I'm having trouble understanding the use of v8. It can be pretty much any bits as long as it has 1000 in the right spot? It strikes me as too minimal to be useful. I must be missing something

  • SigmundA 3 days ago

    The useful part is you can do anything you want with the other bits and have it still be a valid UUID.

  • yardstick 2 days ago

    Being able to do anything with the remaining bits is very useful.

    You can do any scheme that suits your individual features needs, and it will be a valid UUID still.

    This also means future schemes can be implemented right now without having to get a formal UUID version.

    You could use the first few bits to indicate production vs qa vs dev data.

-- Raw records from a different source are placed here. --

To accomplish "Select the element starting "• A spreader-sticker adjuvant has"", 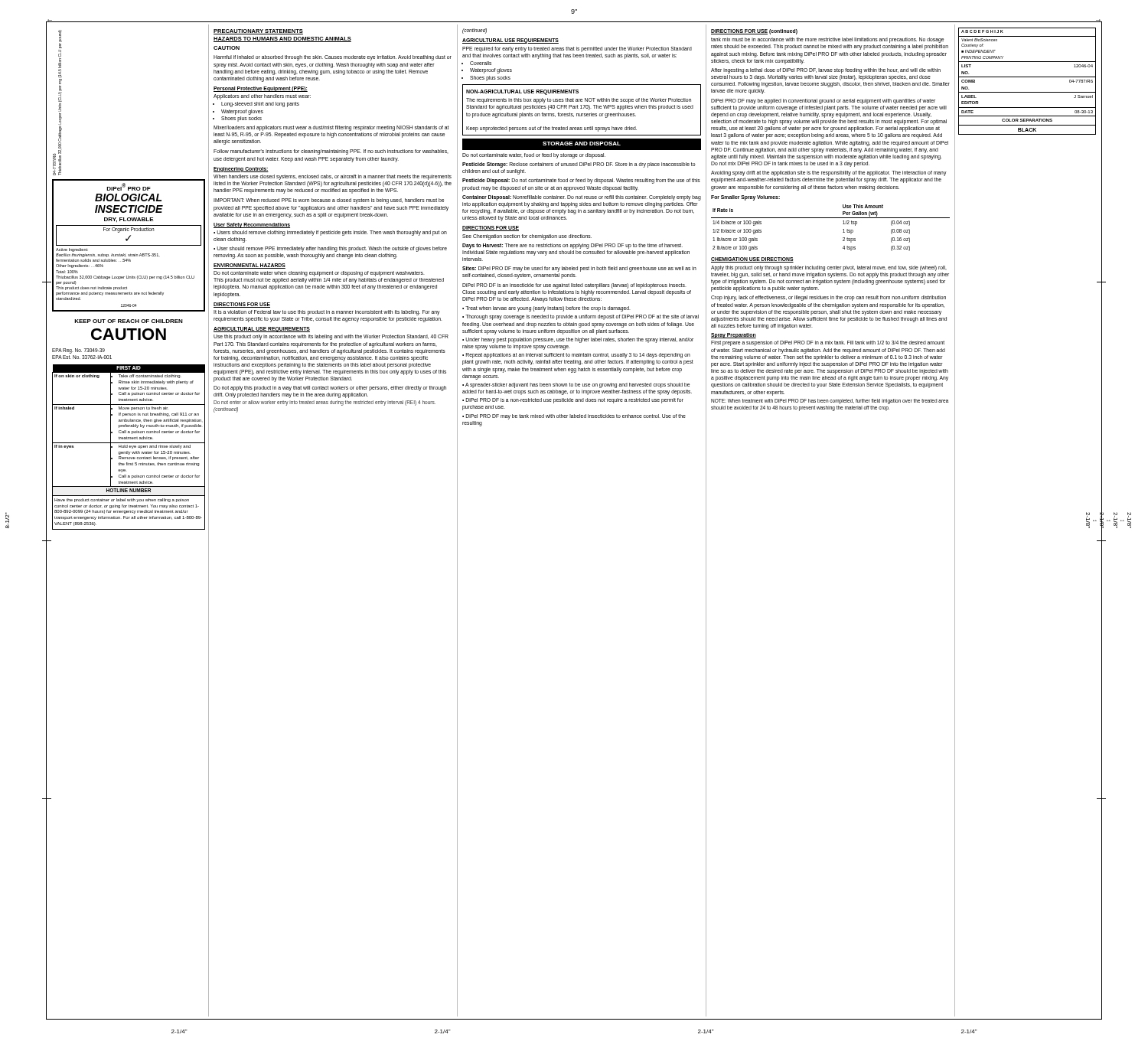I will pyautogui.click(x=577, y=388).
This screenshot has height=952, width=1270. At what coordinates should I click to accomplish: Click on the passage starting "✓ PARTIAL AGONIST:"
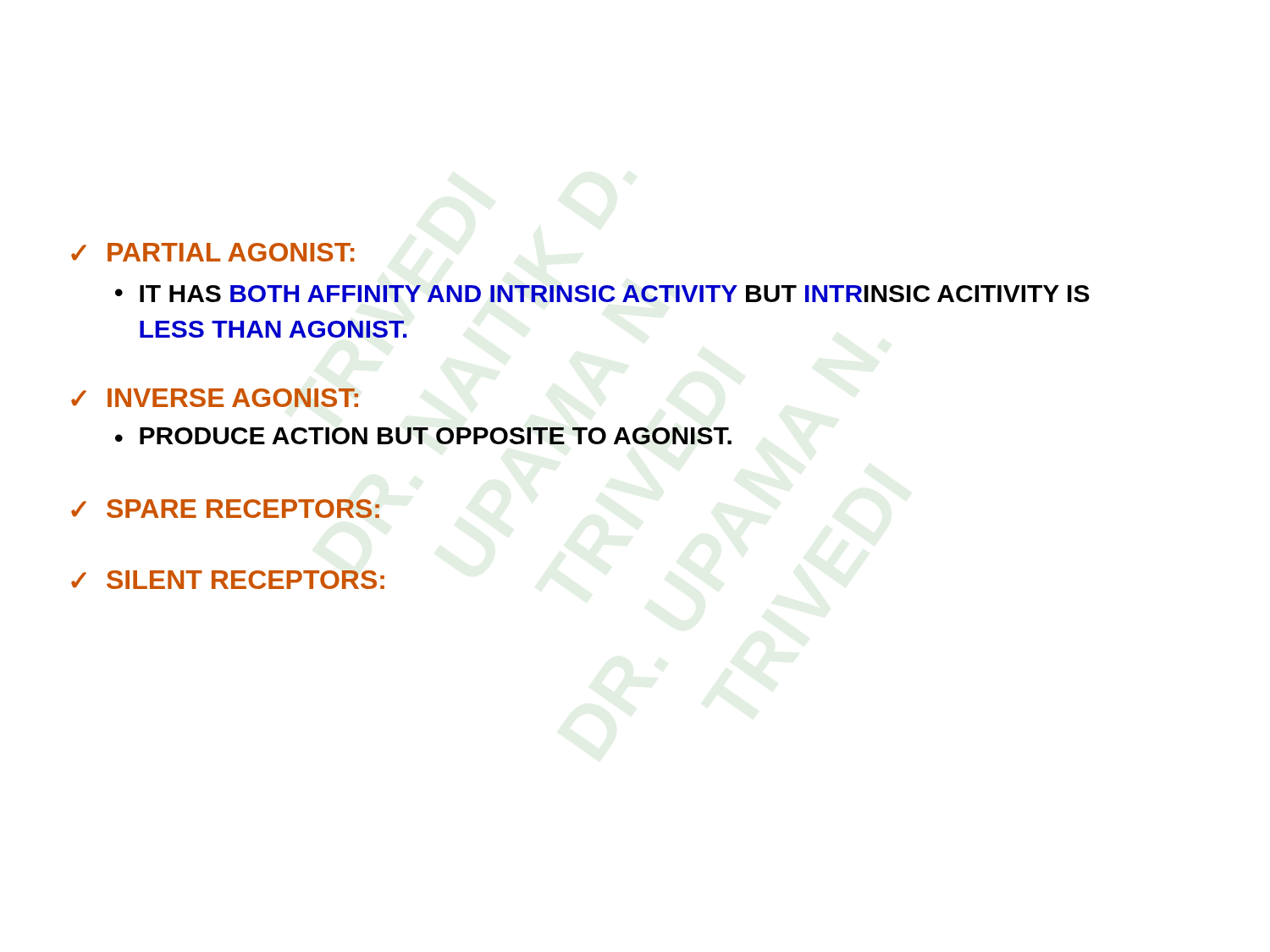pos(212,253)
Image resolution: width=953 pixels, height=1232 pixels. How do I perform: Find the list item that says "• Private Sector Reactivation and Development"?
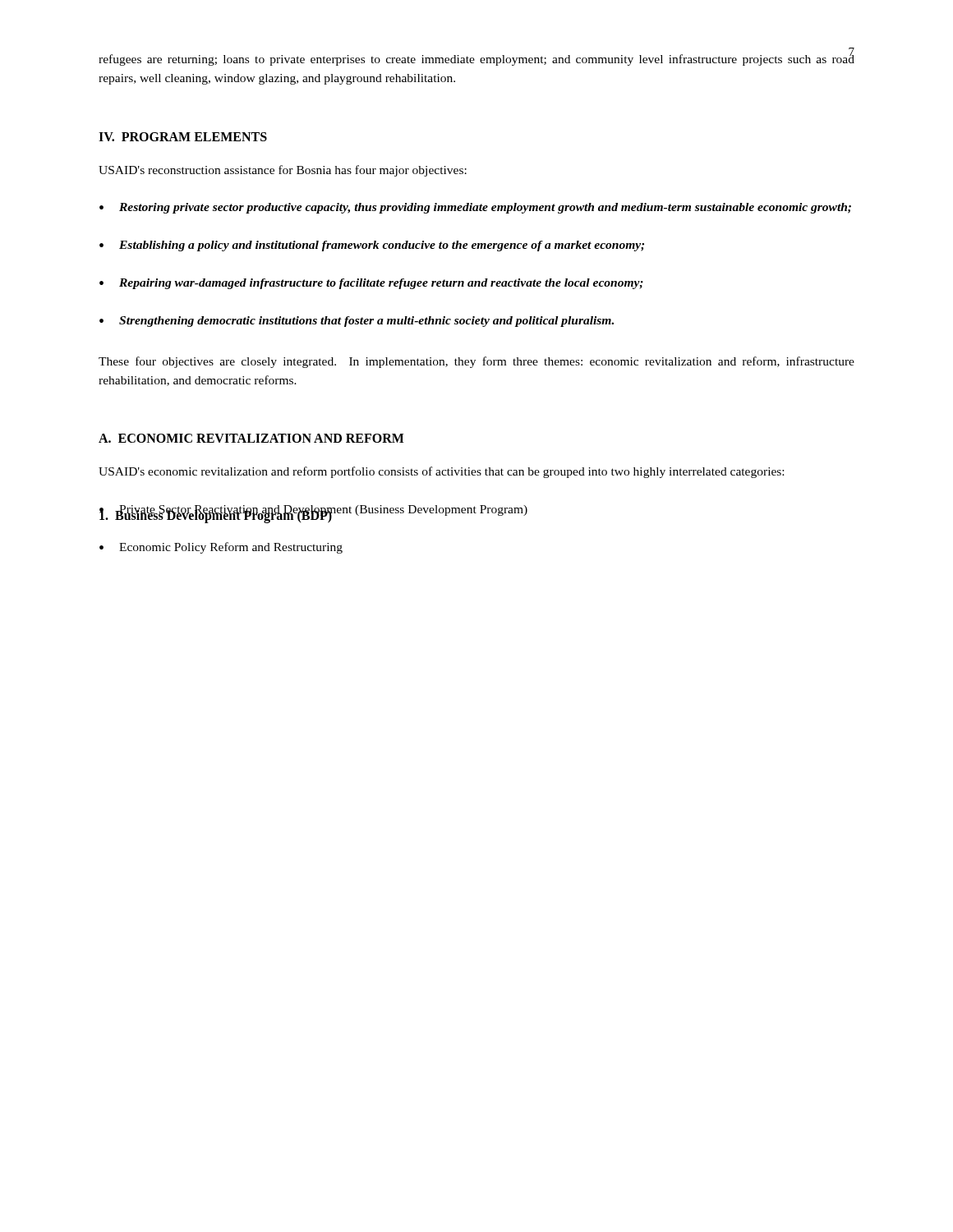coord(476,510)

    Or a subtle hint to what it might be for (eg is this UUID a product identifier or a user identifier or a post or a comment etc). Similar to how AWS etc prefix IDs with their type.

    • edflsafoiewq 2 days ago

      But it kind of defeats the purpose of encoding which of a fixed set of generation methods you are using in the ID, which is presumably to avoid having to check that none of the O(N^2) pair-wise combinations of N methods produce collisions.

SturgeonsLaw 5 days ago

[flagged]

  • lukev 3 days ago

    The cool thing about the various verions of UUID is that they're all compatible. The differences almost all come down to database locality (and therefore performance.)

    The exception is if you're extracting the time portion of a time-based UUID and using it for purposes other than as a unique key, but in my experience this is typically considered bad practice and time is usually stored in a separate column for cases where it matters for business purposes.

  • ktm5j 3 days ago

    Well, technically this is all about different versions of the same standard.

  • paulddraper 2 days ago

    But no one ever said UUID v_ replaces all the others.

    They aren't "versions" so much as variants.

  • refulgentis 3 days ago

    It's not necessarily that its dismissive, more so that its that a fuzzy pattern-matching comment, thats incorrect, and just a wordless link. Trivial to make, nontrivial to respond to: "Funny", in the way in-group cultural references usually are - responding means you're taking it too seriously. Yet, incorrect enough that'll misinform anyone who isn't diligently reading the full article and understands historical context. Noise thats likely to generate noise. Trolling, just missing active intent to derail.